The data is sorted per DUD-E target. It contains the prepared data that was used for the docking calculations (in the Undocked directory), as well as our docking results. Finally, our ESSENCE-Dock Consensus results are included as well
Docking calculations were performed using:
The consensus calculations were performed using ESSENCE-Dock, available via Metascreener as well.
The whole methodology and all of the details are described in the ESSENCE-Dock paper: https://doi.org/10.1021/acs.jcim.3c01982
Paper Abstract
Drug development is a complex, costly, and time-consuming endeavor. While high-throughput screening (HTS) plays a critical role in the discovery stage, it is one of many factors contributing to these challenges. In certain contexts, virtual screening can complement HTS, potentially offering a more streamlined approach in the initial stages of drug discovery.
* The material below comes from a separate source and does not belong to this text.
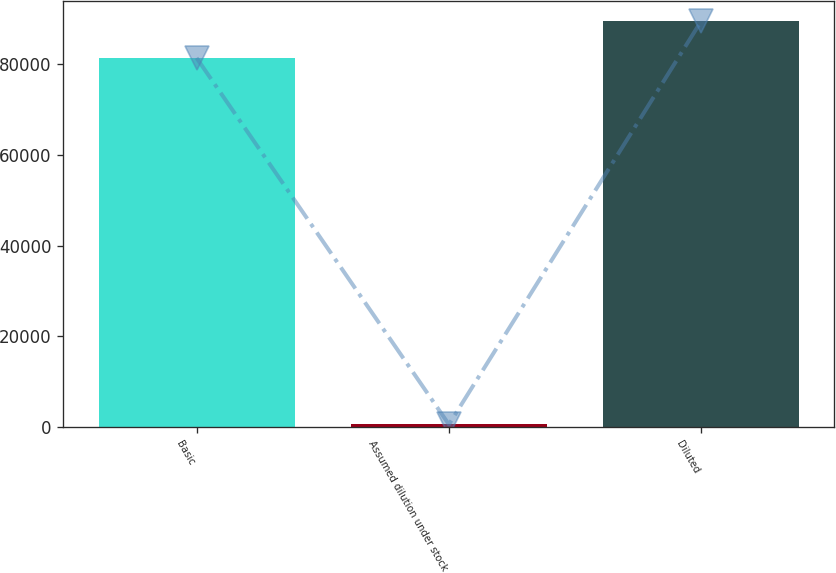Convert chart. <chart><loc_0><loc_0><loc_500><loc_500><bar_chart><fcel>Basic<fcel>Assumed dilution under stock<fcel>Diluted<nl><fcel>81322<fcel>608<fcel>89454.2<nl></chart>

Molecular docking is an example of a popular virtual screening technique that is often used for this purpose, however, its effectiveness can vary greatly. This has led to the use of consensus docking approaches, which combine results from different docking methods to improve the identification of active compounds and reduce the occurrence of false positives. However, many of these methods do not fully leverage the latest advancements in molecular docking.
In response, we present ESSENCE-Dock (Effective Structural Screening ENrichment ConsEnsus Dock), a new consensus docking workflow aimed at decreasing false positives and increasing the discovery of active compounds. By utilizing a combination of novel docking algorithms, we improve the selection process for potential active compounds. ESSENCE-Dock has been made to be user-friendly, requiring only a few simple commands to perform a complete screening, while also being designed for use in high-performance computing (HPC) environments.